═════ MATERIAL FOR THE TASK

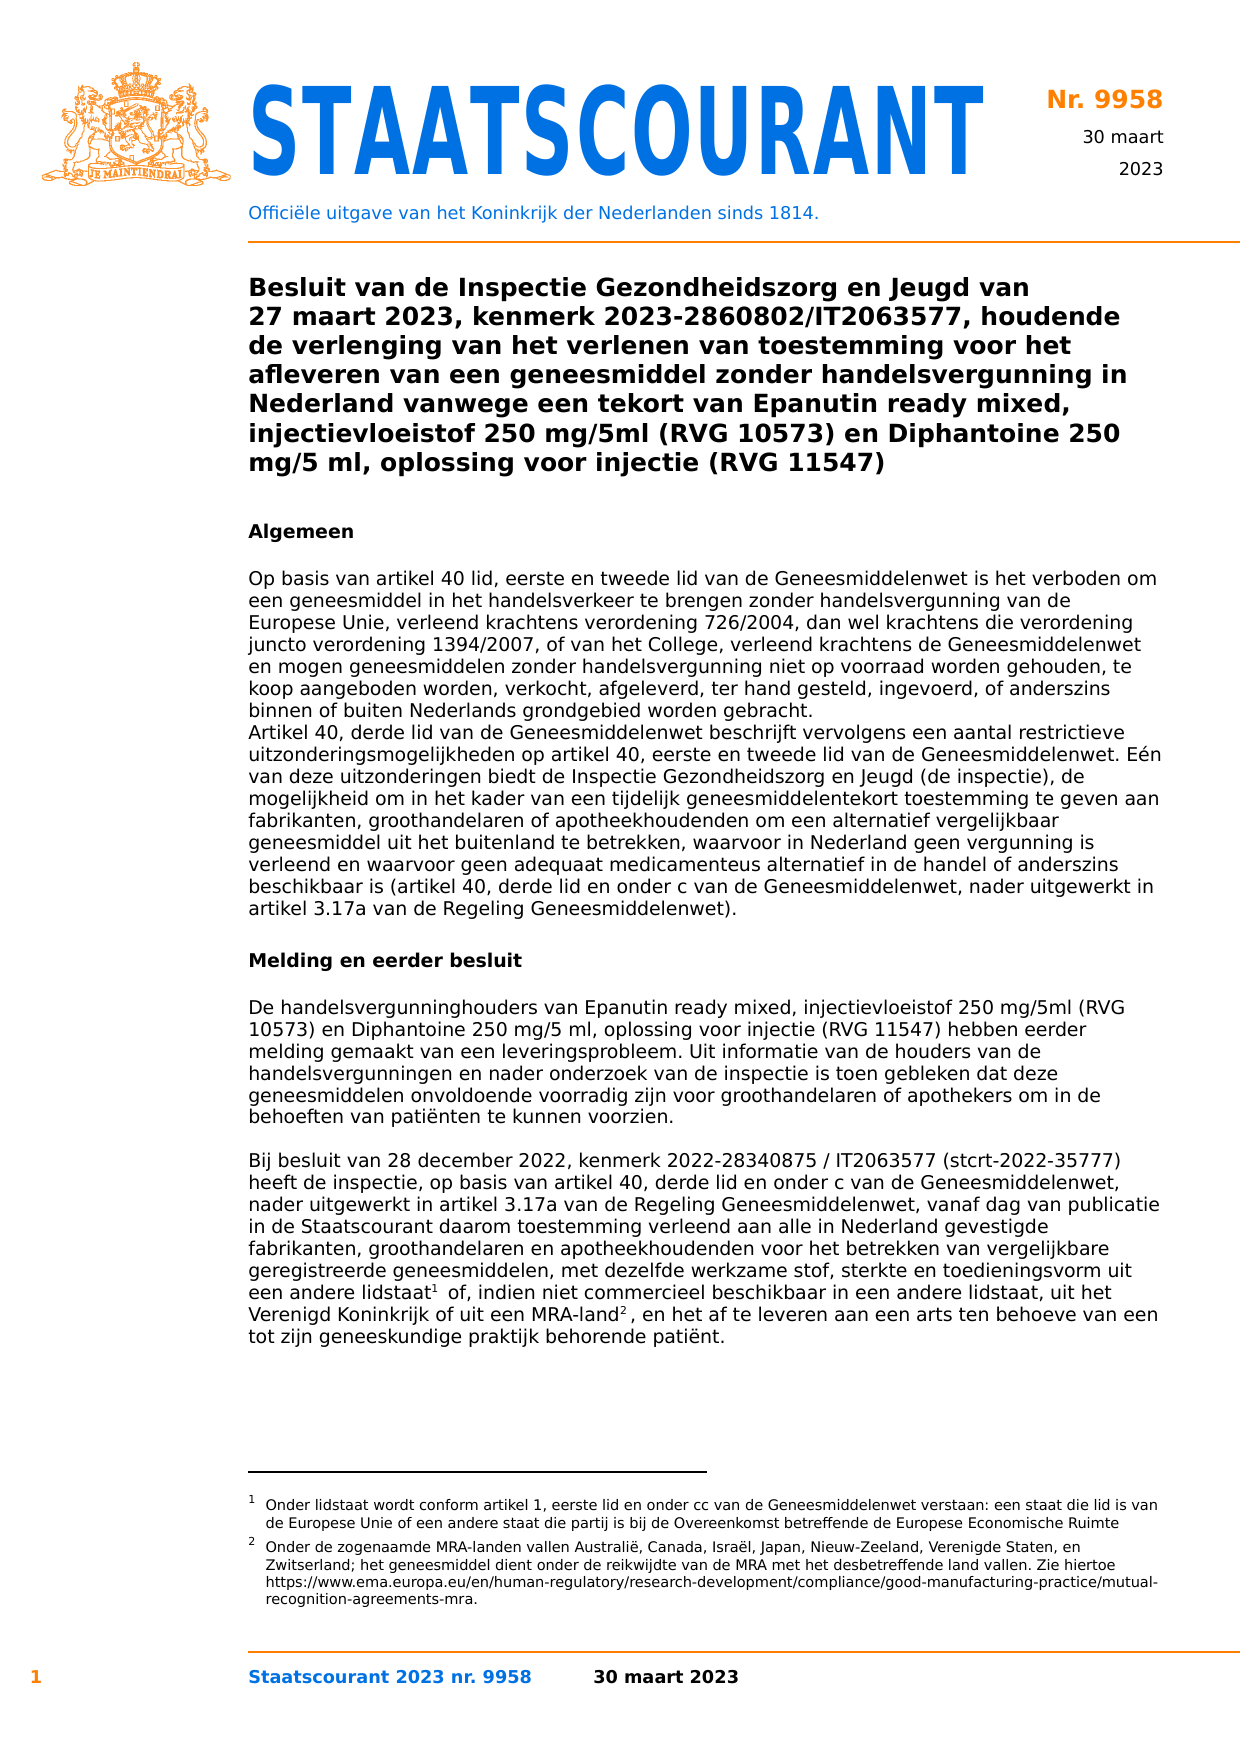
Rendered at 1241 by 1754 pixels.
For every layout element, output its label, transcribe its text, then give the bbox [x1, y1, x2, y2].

table_header STAATSCOURANT [248, 62, 998, 203]
text Bij besluit van 28 december 2022, kenmerk 2022-28340875 / IT2063577 (stcrt-2022-35777) heeft de inspectie, op basis van artikel 40, derde lid en onder c van de Geneesmiddelenwet, nader uitgewerkt in artikel 3.17a van de Regeling Geneesmiddelenwet, vanaf dag van publicatie in de Staatscourant daarom toestemming verleend aan alle in Nederland gevestigde fabrikanten, groothandelaren en apotheekhoudenden voor het betrekken van vergelijkbare geregistreerde geneesmiddelen, met dezelfde werkzame stof, sterkte en toedieningsvorm uit een andere lidstaat of, indien niet commercieel beschikbaar in een andere lidstaat, uit het Verenigd Koninkrijk of uit een MRA-land, en het af te leveren aan een arts ten behoeve van een tot zijn geneeskundige praktijk behorende patiënt. [248, 1150, 1163, 1348]
text Onder lidstaat wordt conform artikel 1, eerste lid en onder cc van de Geneesmiddelenwet verstaan: een staat die lid is van de Europese Unie of een andere staat die partij is bij de Overeenkomst betreffende de Europese Economische Ruimte [248, 1493, 1163, 1532]
table_cell 30 maart [998, 121, 1240, 153]
table_cell 2023 [998, 153, 1240, 203]
subtitle Algemeen [248, 521, 1163, 543]
subtitle Besluit van de Inspectie Gezondheidszorg en Jeugd van 27 maart 2023, kenmerk 2023-2860802/IT2063577, houdende de verlenging van het verlenen van toestemming voor het afleveren van een geneesmiddel zonder handelsvergunning in Nederland vanwege een tekort van Epanutin ready mixed, injectievloeistof 250 mg/5ml (RVG 10573) en Diphantoine 250 mg/5 ml, oplossing voor injectie (RVG 11547) [248, 273, 1163, 477]
text Op basis van artikel 40 lid, eerste en tweede lid van de Geneesmiddelenwet is het verboden om een geneesmiddel in het handelsverkeer te brengen zonder handelsvergunning van de Europese Unie, verleend krachtens verordening 726/2004, dan wel krachtens die verordening juncto verordening 1394/2007, of van het College, verleend krachtens de Geneesmiddelenwet en mogen geneesmiddelen zonder handelsvergunning niet op voorraad worden gehouden, te koop aangeboden worden, verkocht, afgeleverd, ter hand gesteld, ingevoerd, of anderszins binnen of buiten Nederlands grondgebied worden gebracht. [248, 568, 1163, 722]
table_header [25, 62, 248, 241]
picture [41, 62, 231, 186]
table_cell Officiële uitgave van het Koninkrijk der Nederlanden sinds 1814. [248, 203, 1240, 241]
text De handelsvergunninghouders van Epanutin ready mixed, injectievloeistof 250 mg/5ml (RVG 10573) en Diphantoine 250 mg/5 ml, oplossing voor injectie (RVG 11547) hebben eerder melding gemaakt van een leveringsprobleem. Uit informatie van de houders van de handelsvergunningen en nader onderzoek van de inspectie is toen gebleken dat deze geneesmiddelen onvoldoende voorradig zijn voor groothandelaren of apothekers om in de behoeften van patiënten te kunnen voorzien. [248, 997, 1163, 1128]
text Artikel 40, derde lid van de Geneesmiddelenwet beschrijft vervolgens een aantal restrictieve uitzonderingsmogelijkheden op artikel 40, eerste en tweede lid van de Geneesmiddelenwet. Eén van deze uitzonderingen biedt de Inspectie Gezondheidszorg en Jeugd (de inspectie), de mogelijkheid om in het kader van een tijdelijk geneesmiddelentekort toestemming te geven aan fabrikanten, groothandelaren of apotheekhoudenden om een alternatief vergelijkbaar geneesmiddel uit het buitenland te betrekken, waarvoor in Nederland geen vergunning is verleend en waarvoor geen adequaat medicamenteus alternatief in de handel of anderszins beschikbaar is (artikel 40, derde lid en onder c van de Geneesmiddelenwet, nader uitgewerkt in artikel 3.17a van de Regeling Geneesmiddelenwet). [248, 722, 1163, 919]
text Onder de zogenaamde MRA-landen vallen Australië, Canada, Israël, Japan, Nieuw-Zeeland, Verenigde Staten, en Zwitserland; het geneesmiddel dient onder de reikwijdte van de MRA met het desbetreffende land vallen. Zie hiertoe https://www.ema.europa.eu/en/human-regulatory/research-development/compliance/good-manufacturing-practice/mutual-recognition-agreements-mra. [248, 1535, 1163, 1608]
subtitle Melding en eerder besluit [248, 949, 1163, 972]
table_header Nr. 9958 [998, 62, 1240, 121]
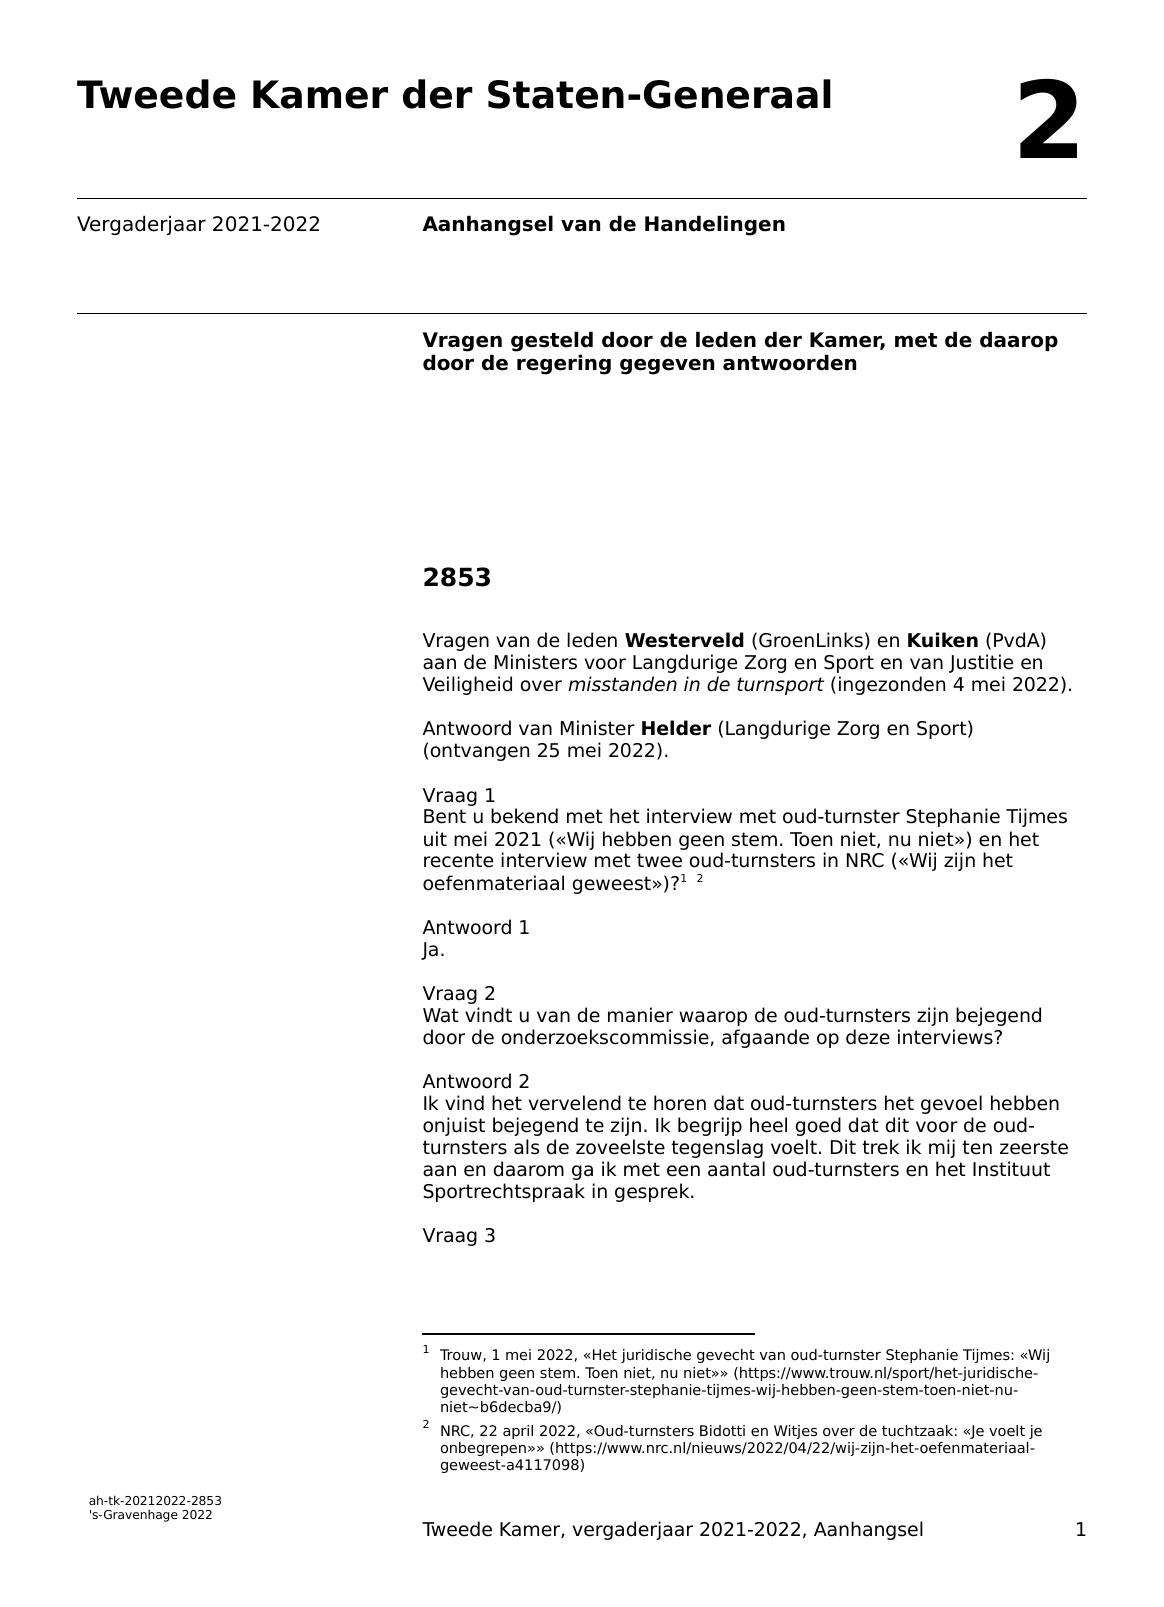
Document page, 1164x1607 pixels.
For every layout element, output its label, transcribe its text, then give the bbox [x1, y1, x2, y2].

text ah-tk-20212022-2853 [88, 1494, 323, 1508]
text Vraag 2 [422, 983, 1087, 1005]
text Antwoord van Minister Helder (Langdurige Zorg en Sport) (ontvangen 25 mei 2022). [422, 718, 1087, 762]
text Wat vindt u van de manier waarop de oud-turnsters zijn bejegend door de onderzoekscommissie, afgaande op deze interviews? [422, 1005, 1087, 1049]
table_cell Aanhangsel van de Handelingen [422, 199, 1087, 313]
table_header 2 [886, 59, 1087, 198]
text NRC, 22 april 2022, «Oud-turnsters Bidotti en Witjes over de tuchtzaak: «Je voelt je onbegrepen»» (https://www.nrc.nl/nieuws/2022/04/22/wij-zijn-het-oefenmateriaal-geweest-a4117098) [422, 1418, 1087, 1474]
text Bent u bekend met het interview met oud-turnster Stephanie Tijmes uit mei 2021 («Wij hebben geen stem. Toen niet, nu niet») en het recente interview met twee oud-turnsters in NRC («Wij zijn het oefenmateriaal geweest»)? [422, 806, 1087, 894]
table_header Tweede Kamer der Staten-Generaal [77, 59, 886, 198]
table_cell Vragen gesteld door de leden der Kamer, met de daarop door de regering gegeven antwoorden [422, 314, 1087, 375]
text Vragen van de leden Westerveld (GroenLinks) en Kuiken (PvdA) aan de Ministers voor Langdurige Zorg en Sport en van Justitie en Veiligheid over misstanden in de turnsport (ingezonden 4 mei 2022). [422, 630, 1087, 696]
text 2853 [422, 563, 1087, 592]
text Ja. [422, 938, 1087, 961]
text Ik vind het vervelend te horen dat oud-turnsters het gevoel hebben onjuist bejegend te zijn. Ik begrijp heel goed dat dit voor de oud-turnsters als de zoveelste tegenslag voelt. Dit trek ik mij ten zeerste aan en daarom ga ik met een aantal oud-turnsters en het Instituut Sportrechtspraak in gesprek. [422, 1093, 1087, 1203]
text Vraag 1 [422, 784, 1087, 806]
text Trouw, 1 mei 2022, «Het juridische gevecht van oud-turnster Stephanie Tijmes: «Wij hebben geen stem. Toen niet, nu niet»» (https://www.trouw.nl/sport/het-juridische-gevecht-van-oud-turnster-stephanie-tijmes-wij-hebben-geen-stem-toen-niet-nu-niet~b6decba9/) [422, 1343, 1087, 1416]
text Antwoord 2 [422, 1071, 1087, 1093]
table_cell [77, 314, 422, 375]
text Antwoord 1 [422, 917, 1087, 938]
text 's-Gravenhage 2022 [88, 1508, 323, 1522]
text Vraag 3 [422, 1225, 1087, 1247]
table_cell Vergaderjaar 2021-2022 [77, 199, 422, 313]

══════════

**WORK TO COMPLETE:** Scan the material above for the string "bejegend", returning each line that contains it.

**RESPONSE BOX:**
text Wat vindt u van de manier waarop de oud-turnsters zijn bejegend door de onderzoekscommissie, afgaande op deze interviews? [422, 1005, 1087, 1049]
text Ik vind het vervelend te horen dat oud-turnsters het gevoel hebben onjuist bejegend te zijn. Ik begrijp heel goed dat dit voor de oud-turnsters als de zoveelste tegenslag voelt. Dit trek ik mij ten zeerste aan en daarom ga ik met een aantal oud-turnsters en het Instituut Sportrechtspraak in gesprek. [422, 1093, 1087, 1203]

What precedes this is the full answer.